Copy out exactly the lines from the one containing "Use a minified" through the end of the records, and no pictures.

MATERIAL PROVIDED:

☆ ☆ ☆ ☆ ☆

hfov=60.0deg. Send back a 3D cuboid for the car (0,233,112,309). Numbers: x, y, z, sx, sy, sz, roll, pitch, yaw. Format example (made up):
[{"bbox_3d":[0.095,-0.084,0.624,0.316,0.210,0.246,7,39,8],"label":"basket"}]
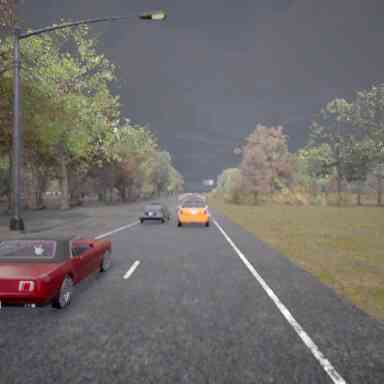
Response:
[{"bbox_3d":[-3.309,1.608,7.818,1.895,1.301,4.718,0,0,1],"label":"car"}]

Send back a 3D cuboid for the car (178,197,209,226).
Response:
[{"bbox_3d":[0.100,1.372,23.646,2.097,1.767,4.553,0,0,0],"label":"car"}]

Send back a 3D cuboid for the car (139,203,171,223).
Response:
[{"bbox_3d":[-2.765,1.571,25.592,2.033,1.411,5.357,0,0,2],"label":"car"}]

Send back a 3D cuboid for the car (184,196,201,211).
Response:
[{"bbox_3d":[0.096,1.392,42.361,2.097,1.767,4.553,0,0,0],"label":"car"}]
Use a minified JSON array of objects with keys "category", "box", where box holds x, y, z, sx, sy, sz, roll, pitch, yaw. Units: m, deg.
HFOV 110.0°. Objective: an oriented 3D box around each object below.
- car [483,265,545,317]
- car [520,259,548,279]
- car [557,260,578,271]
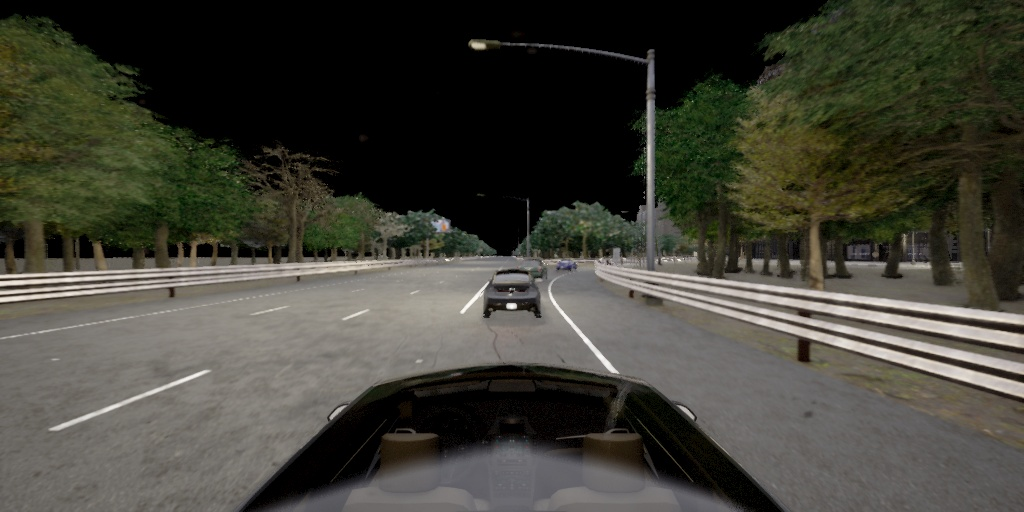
[{"category":"car","box":[0.053,1.232,13.027,1.837,1.490,4.892,0,0,2]},{"category":"car","box":[1.704,1.045,28.858,2.097,1.767,4.553,0,0,11]},{"category":"car","box":[7.063,1.182,46.072,1.812,1.442,4.674,0,0,24]}]

☆ ☆ ☆ ☆ ☆

YOUR RESPONSE:
Use a minified JSON array of objects with keys "category", "box", where box holds x, y, z, sx, sy, sz, roll, pitch, yaw. Units: m, deg.
HFOV 110.0°. Objective: an oriented 3D box around each object below.
- car [483,265,545,317]
- car [520,259,548,279]
- car [557,260,578,271]
[{"category":"car","box":[0.053,1.232,13.027,1.837,1.490,4.892,0,0,2]},{"category":"car","box":[1.704,1.045,28.858,2.097,1.767,4.553,0,0,11]},{"category":"car","box":[7.063,1.182,46.072,1.812,1.442,4.674,0,0,24]}]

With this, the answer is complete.